Published online by Cambridge University Press: 06 July 2010
Magnetic resonance imaging (MRI) is a cross-sectional imaging technique which allows excellent soft-tissue definition and has an extensive and expanding role in radiology. The examination is expensive and can be quite lengthy, depending on the number of sequences required. The bore of the magnet is quite narrowand claustrophobic patients are often not able to tolerate the examination. Small children and confused or demented patients may not be able to remain still and sometimes sedation is required. This needs to be pre-arranged with the MRI department and the anaesthetic team.

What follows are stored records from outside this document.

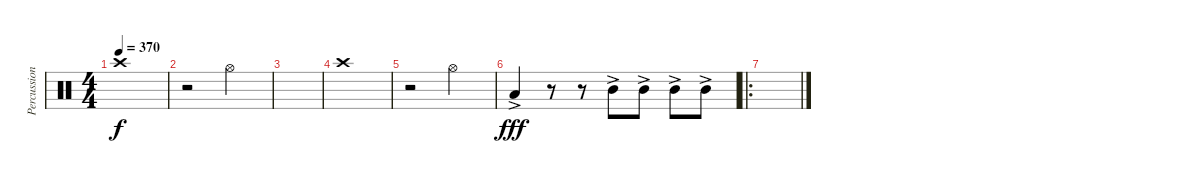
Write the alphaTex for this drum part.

\track ("Percussions" "Percussion") {instrument percussion}
\staff {score}
\articulation defaults
\ts (4 4)
\tempo 370
\clef neutral
\ks c "Crash high (hit)".1{dy f}
|
r.2 "Hi-Hat (open)".2 |
|
"Crash high (hit)".1 |
r.2 "Hi-Hat (open)".2 |
"Low Tom (hit)"{ac}.4{dy fff} r.8 r.8 "Mid Tom (hit)"{ac}.8 "Mid Tom (hit)"{ac}.8 "Mid Tom (hit)"{ac}.8 "Mid Tom (hit)"{ac}.8 |
\ro
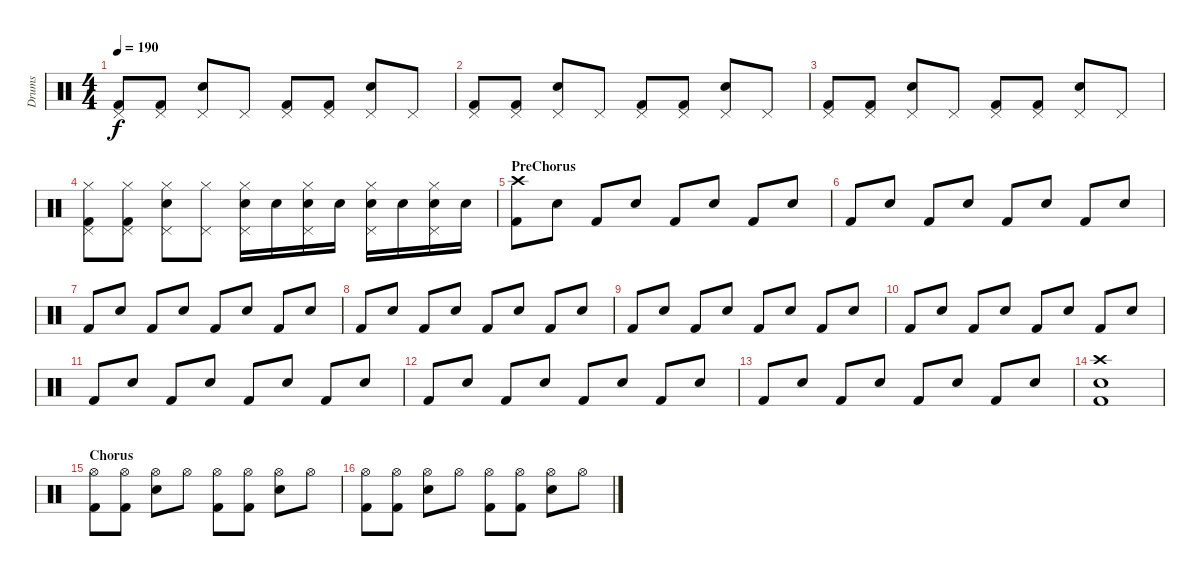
\track ("Drums" "Drums") {instrument percussion}
\staff {score}
\articulation defaults
\ts (4 4)
\tempo 190
\clef neutral
\ks c
("Pedal Hi-Hat (hit)" "Kick (hit) 2").8{dy f} ("Pedal Hi-Hat (hit)" "Kick (hit) 2").8 ("Pedal Hi-Hat (hit)" "Snare (hit) 2").8 "Pedal Hi-Hat (hit)".8 ("Pedal Hi-Hat (hit)" "Kick (hit) 2").8 ("Pedal Hi-Hat (hit)" "Kick (hit) 2").8 ("Pedal Hi-Hat (hit)" "Snare (hit) 2").8 "Pedal Hi-Hat (hit)".8 |
("Pedal Hi-Hat (hit)" "Kick (hit) 2").8 ("Pedal Hi-Hat (hit)" "Kick (hit) 2").8 ("Pedal Hi-Hat (hit)" "Snare (hit) 2").8 "Pedal Hi-Hat (hit)".8 ("Pedal Hi-Hat (hit)" "Kick (hit) 2").8 ("Pedal Hi-Hat (hit)" "Kick (hit) 2").8 ("Pedal Hi-Hat (hit)" "Snare (hit) 2").8 "Pedal Hi-Hat (hit)".8 |
("Pedal Hi-Hat (hit)" "Kick (hit) 2").8 ("Pedal Hi-Hat (hit)" "Kick (hit) 2").8 ("Pedal Hi-Hat (hit)" "Snare (hit) 2").8 "Pedal Hi-Hat (hit)".8 ("Pedal Hi-Hat (hit)" "Kick (hit) 2").8 ("Pedal Hi-Hat (hit)" "Kick (hit) 2").8 ("Pedal Hi-Hat (hit)" "Snare (hit) 2").8 "Pedal Hi-Hat (hit)".8 |
("Pedal Hi-Hat (hit)" "Hi-Hat (closed)" "Kick (hit) 2").8 ("Pedal Hi-Hat (hit)" "Hi-Hat (closed)" "Kick (hit) 2").8 ("Pedal Hi-Hat (hit)" "Hi-Hat (closed)" "Snare (hit) 2").8 ("Pedal Hi-Hat (hit)" "Hi-Hat (closed)").8 ("Pedal Hi-Hat (hit)" "Hi-Hat (closed)" "Snare (hit) 2").16 "Snare (hit) 2".16 ("Pedal Hi-Hat (hit)" "Hi-Hat (closed)" "Snare (hit) 2").16 "Snare (hit) 2".16 ("Pedal Hi-Hat (hit)" "Hi-Hat (closed)" "Snare (hit) 2").16 "Snare (hit) 2".16 ("Pedal Hi-Hat (hit)" "Hi-Hat (closed)" "Snare (hit) 2").16 "Snare (hit) 2".16 |
\section ("" "PreChorus")
("Crash high (hit)" "Kick (hit) 2").8 "Snare (hit) 2".8 "Kick (hit) 2".8 "Snare (hit) 2".8 "Kick (hit) 2".8 "Snare (hit) 2".8 "Kick (hit) 2".8 "Snare (hit) 2".8 |
"Kick (hit) 2".8 "Snare (hit) 2".8 "Kick (hit) 2".8 "Snare (hit) 2".8 "Kick (hit) 2".8 "Snare (hit) 2".8 "Kick (hit) 2".8 "Snare (hit) 2".8 |
"Kick (hit) 2".8 "Snare (hit) 2".8 "Kick (hit) 2".8 "Snare (hit) 2".8 "Kick (hit) 2".8 "Snare (hit) 2".8 "Kick (hit) 2".8 "Snare (hit) 2".8 |
"Kick (hit) 2".8 "Snare (hit) 2".8 "Kick (hit) 2".8 "Snare (hit) 2".8 "Kick (hit) 2".8 "Snare (hit) 2".8 "Kick (hit) 2".8 "Snare (hit) 2".8 |
"Kick (hit) 2".8 "Snare (hit) 2".8 "Kick (hit) 2".8 "Snare (hit) 2".8 "Kick (hit) 2".8 "Snare (hit) 2".8 "Kick (hit) 2".8 "Snare (hit) 2".8 |
"Kick (hit) 2".8 "Snare (hit) 2".8 "Kick (hit) 2".8 "Snare (hit) 2".8 "Kick (hit) 2".8 "Snare (hit) 2".8 "Kick (hit) 2".8 "Snare (hit) 2".8 |
"Kick (hit) 2".8 "Snare (hit) 2".8 "Kick (hit) 2".8 "Snare (hit) 2".8 "Kick (hit) 2".8 "Snare (hit) 2".8 "Kick (hit) 2".8 "Snare (hit) 2".8 |
"Kick (hit) 2".8 "Snare (hit) 2".8 "Kick (hit) 2".8 "Snare (hit) 2".8 "Kick (hit) 2".8 "Snare (hit) 2".8 "Kick (hit) 2".8 "Snare (hit) 2".8 |
"Kick (hit) 2".8 "Snare (hit) 2".8 "Kick (hit) 2".8 "Snare (hit) 2".8 "Kick (hit) 2".8 "Snare (hit) 2".8 "Kick (hit) 2".8 "Snare (hit) 2".8 |
("Crash high (hit)" "Snare (hit) 2" "Kick (hit) 2").1 |
\section ("" "Chorus")
("Hi-Hat (open)" "Kick (hit) 2").8 ("Hi-Hat (open)" "Kick (hit) 2").8 ("Hi-Hat (open)" "Snare (hit) 2").8 "Hi-Hat (open)".8 ("Hi-Hat (open)" "Kick (hit) 2").8 ("Hi-Hat (open)" "Kick (hit) 2").8 ("Hi-Hat (open)" "Snare (hit) 2").8 "Hi-Hat (open)".8 |
("Hi-Hat (open)" "Kick (hit) 2").8 ("Hi-Hat (open)" "Kick (hit) 2").8 ("Hi-Hat (open)" "Snare (hit) 2").8 "Hi-Hat (open)".8 ("Hi-Hat (open)" "Kick (hit) 2").8 ("Hi-Hat (open)" "Kick (hit) 2").8 ("Hi-Hat (open)" "Snare (hit) 2").8 "Hi-Hat (open)".8

Although MRI does not use ionizing radiation there are other safety considerations arising from the use of the strong magnetic field; these should be considered in terms of electromagnetic and missile effects.
Both patients and staff are required to fill out a safety questionnaire before entering the scanner.
Contraindications to MRI
Pacemaker/implantable defibrillator device: deactivated by magnetic field; fatal.
Intra-cranial aneurysm clips: dislodge due to missile effect.
Intra-ocular foreign body: potential for injury resulting in impaired vision. Plain radiographs or CT scan with the patient looking up and down may be required to exclude an intra-ocular foreign body before a scan.
Cochlear implants: these devices are programmed by a magnet, and so subjecting the device to a large magnetic field will interfere with function and also risk dislodging mechanical parts; the potential exists for a heating effect through the induction of a current in the cable.
Pregnancy: the effect of MRI on early pregnancy is unknown. Scans are therefore not performed during the first trimester.
Prosthetic heart valves: some older models of prosthetic valves are contraindicated, individual cases should be checked.